WHAT TO PRODUCE:
Return the lines of the data below in which the string "offset" occurs.

EXCERPTED DATA:
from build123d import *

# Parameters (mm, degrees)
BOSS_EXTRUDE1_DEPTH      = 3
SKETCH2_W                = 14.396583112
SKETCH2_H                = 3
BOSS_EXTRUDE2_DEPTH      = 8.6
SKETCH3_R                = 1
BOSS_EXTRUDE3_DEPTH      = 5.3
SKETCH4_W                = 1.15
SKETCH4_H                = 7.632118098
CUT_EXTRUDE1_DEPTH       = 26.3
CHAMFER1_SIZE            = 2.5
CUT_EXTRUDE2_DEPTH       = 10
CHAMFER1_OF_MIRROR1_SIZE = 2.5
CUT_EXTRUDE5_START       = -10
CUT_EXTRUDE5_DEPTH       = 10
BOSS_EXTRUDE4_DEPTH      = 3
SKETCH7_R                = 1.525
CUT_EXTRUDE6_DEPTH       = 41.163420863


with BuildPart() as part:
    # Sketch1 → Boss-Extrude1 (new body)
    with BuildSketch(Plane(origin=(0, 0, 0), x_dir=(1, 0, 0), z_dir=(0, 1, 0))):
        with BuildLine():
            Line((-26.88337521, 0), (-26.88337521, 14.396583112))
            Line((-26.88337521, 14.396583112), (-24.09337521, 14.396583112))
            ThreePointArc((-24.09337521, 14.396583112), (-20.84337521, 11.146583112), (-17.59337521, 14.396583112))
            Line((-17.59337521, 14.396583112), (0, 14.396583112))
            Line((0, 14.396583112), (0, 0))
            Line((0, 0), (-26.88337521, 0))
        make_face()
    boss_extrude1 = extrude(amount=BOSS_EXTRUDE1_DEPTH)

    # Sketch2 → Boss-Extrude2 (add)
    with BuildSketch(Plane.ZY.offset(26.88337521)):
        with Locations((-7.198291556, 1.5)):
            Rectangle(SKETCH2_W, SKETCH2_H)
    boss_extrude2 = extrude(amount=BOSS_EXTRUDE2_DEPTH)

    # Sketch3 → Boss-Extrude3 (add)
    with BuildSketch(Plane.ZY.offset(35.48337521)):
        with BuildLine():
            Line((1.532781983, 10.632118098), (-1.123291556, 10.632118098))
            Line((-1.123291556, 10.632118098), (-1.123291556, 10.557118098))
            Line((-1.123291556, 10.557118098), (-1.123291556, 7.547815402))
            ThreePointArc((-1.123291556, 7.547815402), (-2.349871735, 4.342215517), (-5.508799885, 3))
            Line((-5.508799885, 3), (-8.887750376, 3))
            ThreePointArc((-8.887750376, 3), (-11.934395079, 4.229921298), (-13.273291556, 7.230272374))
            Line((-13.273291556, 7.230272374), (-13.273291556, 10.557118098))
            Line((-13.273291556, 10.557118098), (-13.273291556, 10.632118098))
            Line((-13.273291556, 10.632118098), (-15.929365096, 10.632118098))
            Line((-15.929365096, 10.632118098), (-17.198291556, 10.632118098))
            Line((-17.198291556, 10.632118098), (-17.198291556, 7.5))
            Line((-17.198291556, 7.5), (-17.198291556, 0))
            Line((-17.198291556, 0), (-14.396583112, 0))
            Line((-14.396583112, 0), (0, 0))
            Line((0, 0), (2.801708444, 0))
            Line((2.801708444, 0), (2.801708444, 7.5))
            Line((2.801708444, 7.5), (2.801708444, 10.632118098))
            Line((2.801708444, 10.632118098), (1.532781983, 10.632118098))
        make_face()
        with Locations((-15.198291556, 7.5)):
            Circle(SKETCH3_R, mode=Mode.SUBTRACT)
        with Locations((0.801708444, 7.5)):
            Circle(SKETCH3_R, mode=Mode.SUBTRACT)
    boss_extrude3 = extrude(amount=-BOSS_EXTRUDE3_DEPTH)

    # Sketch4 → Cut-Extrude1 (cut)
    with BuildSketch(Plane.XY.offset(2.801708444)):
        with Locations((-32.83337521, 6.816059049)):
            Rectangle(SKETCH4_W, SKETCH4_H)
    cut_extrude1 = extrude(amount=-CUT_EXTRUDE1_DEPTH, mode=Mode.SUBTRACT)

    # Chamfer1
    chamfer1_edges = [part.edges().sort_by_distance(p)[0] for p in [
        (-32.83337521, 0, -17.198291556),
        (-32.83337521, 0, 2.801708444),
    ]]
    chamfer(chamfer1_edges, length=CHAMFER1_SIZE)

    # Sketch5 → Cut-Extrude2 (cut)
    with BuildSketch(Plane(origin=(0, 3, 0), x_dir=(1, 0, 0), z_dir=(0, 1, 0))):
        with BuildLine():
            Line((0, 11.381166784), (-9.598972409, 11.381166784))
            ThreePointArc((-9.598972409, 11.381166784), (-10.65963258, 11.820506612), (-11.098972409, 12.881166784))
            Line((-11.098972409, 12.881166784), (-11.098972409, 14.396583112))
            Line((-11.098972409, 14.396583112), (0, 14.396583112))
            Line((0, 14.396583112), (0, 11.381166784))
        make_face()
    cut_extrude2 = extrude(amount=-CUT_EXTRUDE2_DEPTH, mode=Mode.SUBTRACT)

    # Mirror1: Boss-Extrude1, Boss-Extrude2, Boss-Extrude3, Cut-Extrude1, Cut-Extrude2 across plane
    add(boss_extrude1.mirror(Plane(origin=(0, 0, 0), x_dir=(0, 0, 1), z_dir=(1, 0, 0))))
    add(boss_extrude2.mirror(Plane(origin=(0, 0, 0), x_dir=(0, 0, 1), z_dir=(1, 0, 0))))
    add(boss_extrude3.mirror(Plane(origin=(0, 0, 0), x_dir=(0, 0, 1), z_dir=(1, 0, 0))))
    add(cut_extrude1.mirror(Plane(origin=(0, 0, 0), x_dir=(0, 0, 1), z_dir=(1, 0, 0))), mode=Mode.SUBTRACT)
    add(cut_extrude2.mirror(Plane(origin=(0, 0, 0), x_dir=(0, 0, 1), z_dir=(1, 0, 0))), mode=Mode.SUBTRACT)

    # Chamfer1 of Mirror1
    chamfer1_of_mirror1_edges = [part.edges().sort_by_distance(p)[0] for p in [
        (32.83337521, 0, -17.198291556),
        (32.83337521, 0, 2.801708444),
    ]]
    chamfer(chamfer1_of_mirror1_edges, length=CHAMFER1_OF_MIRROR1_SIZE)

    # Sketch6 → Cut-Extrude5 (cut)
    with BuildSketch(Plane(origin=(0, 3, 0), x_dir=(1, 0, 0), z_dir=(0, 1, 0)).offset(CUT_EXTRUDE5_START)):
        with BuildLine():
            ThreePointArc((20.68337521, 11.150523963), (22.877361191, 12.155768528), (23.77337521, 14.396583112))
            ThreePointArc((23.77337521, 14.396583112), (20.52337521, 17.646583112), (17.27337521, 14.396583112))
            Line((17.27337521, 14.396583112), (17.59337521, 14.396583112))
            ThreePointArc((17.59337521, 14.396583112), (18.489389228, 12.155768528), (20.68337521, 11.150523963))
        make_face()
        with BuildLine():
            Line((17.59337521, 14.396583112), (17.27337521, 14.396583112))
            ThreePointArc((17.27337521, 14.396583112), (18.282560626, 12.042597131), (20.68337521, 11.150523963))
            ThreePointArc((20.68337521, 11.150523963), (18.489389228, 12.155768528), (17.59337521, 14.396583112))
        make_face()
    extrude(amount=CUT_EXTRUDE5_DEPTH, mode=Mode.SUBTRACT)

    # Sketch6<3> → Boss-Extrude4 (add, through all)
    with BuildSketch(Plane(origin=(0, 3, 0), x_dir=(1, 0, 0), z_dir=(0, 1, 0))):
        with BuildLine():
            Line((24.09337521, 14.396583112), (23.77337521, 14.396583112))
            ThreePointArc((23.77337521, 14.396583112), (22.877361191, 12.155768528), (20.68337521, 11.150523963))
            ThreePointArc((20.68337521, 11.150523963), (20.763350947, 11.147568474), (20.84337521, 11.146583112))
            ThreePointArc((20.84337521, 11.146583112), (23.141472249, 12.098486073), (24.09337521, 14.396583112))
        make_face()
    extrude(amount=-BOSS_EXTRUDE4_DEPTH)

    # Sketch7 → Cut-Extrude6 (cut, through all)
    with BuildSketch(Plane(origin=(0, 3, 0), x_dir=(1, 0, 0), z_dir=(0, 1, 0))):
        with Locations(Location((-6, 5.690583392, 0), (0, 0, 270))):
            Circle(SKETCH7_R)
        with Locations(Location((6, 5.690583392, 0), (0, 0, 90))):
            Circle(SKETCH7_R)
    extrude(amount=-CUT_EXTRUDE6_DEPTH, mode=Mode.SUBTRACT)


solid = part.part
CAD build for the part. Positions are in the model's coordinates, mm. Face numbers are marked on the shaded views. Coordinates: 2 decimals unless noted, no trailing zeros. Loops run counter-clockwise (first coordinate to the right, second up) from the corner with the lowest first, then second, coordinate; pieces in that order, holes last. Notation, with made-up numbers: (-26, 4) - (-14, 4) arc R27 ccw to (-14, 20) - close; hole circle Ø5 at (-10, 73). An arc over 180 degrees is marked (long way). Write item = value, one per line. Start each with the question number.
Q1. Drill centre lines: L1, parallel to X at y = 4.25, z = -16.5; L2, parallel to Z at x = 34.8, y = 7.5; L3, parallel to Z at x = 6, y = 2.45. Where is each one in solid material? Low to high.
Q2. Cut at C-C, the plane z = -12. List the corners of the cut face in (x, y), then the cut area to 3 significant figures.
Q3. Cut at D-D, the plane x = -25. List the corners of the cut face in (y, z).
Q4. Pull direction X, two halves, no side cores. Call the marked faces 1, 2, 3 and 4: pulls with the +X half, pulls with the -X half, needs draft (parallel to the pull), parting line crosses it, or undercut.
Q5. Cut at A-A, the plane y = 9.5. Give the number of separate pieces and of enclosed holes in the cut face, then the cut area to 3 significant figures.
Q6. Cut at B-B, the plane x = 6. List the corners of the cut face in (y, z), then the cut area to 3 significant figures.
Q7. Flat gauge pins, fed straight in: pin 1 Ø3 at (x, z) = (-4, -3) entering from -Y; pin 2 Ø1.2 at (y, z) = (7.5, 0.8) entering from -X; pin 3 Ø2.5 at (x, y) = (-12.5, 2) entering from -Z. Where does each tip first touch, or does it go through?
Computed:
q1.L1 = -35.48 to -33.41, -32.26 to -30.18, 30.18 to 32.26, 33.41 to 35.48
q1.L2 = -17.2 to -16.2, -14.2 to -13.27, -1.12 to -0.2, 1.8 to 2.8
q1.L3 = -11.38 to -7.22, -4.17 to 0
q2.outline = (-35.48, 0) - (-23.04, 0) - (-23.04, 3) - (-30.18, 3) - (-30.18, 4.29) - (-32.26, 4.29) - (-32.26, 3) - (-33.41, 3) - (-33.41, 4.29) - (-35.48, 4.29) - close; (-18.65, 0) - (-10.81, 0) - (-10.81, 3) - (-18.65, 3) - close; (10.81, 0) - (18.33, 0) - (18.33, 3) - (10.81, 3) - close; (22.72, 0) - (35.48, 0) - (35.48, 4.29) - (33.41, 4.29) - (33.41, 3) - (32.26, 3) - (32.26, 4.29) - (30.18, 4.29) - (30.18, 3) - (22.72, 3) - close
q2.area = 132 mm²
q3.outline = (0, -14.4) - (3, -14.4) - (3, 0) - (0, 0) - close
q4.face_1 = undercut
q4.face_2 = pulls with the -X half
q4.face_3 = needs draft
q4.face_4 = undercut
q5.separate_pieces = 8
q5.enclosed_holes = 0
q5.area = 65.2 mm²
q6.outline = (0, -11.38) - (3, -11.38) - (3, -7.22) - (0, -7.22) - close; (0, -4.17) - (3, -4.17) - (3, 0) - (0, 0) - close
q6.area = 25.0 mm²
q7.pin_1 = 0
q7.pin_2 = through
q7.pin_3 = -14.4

SOLUTION TO THIS TASK:
    with BuildSketch(Plane.ZY.offset(26.88337521)):
    with BuildSketch(Plane.ZY.offset(35.48337521)):
    with BuildSketch(Plane.XY.offset(2.801708444)):
    with BuildSketch(Plane(origin=(0, 3, 0), x_dir=(1, 0, 0), z_dir=(0, 1, 0)).offset(CUT_EXTRUDE5_START)):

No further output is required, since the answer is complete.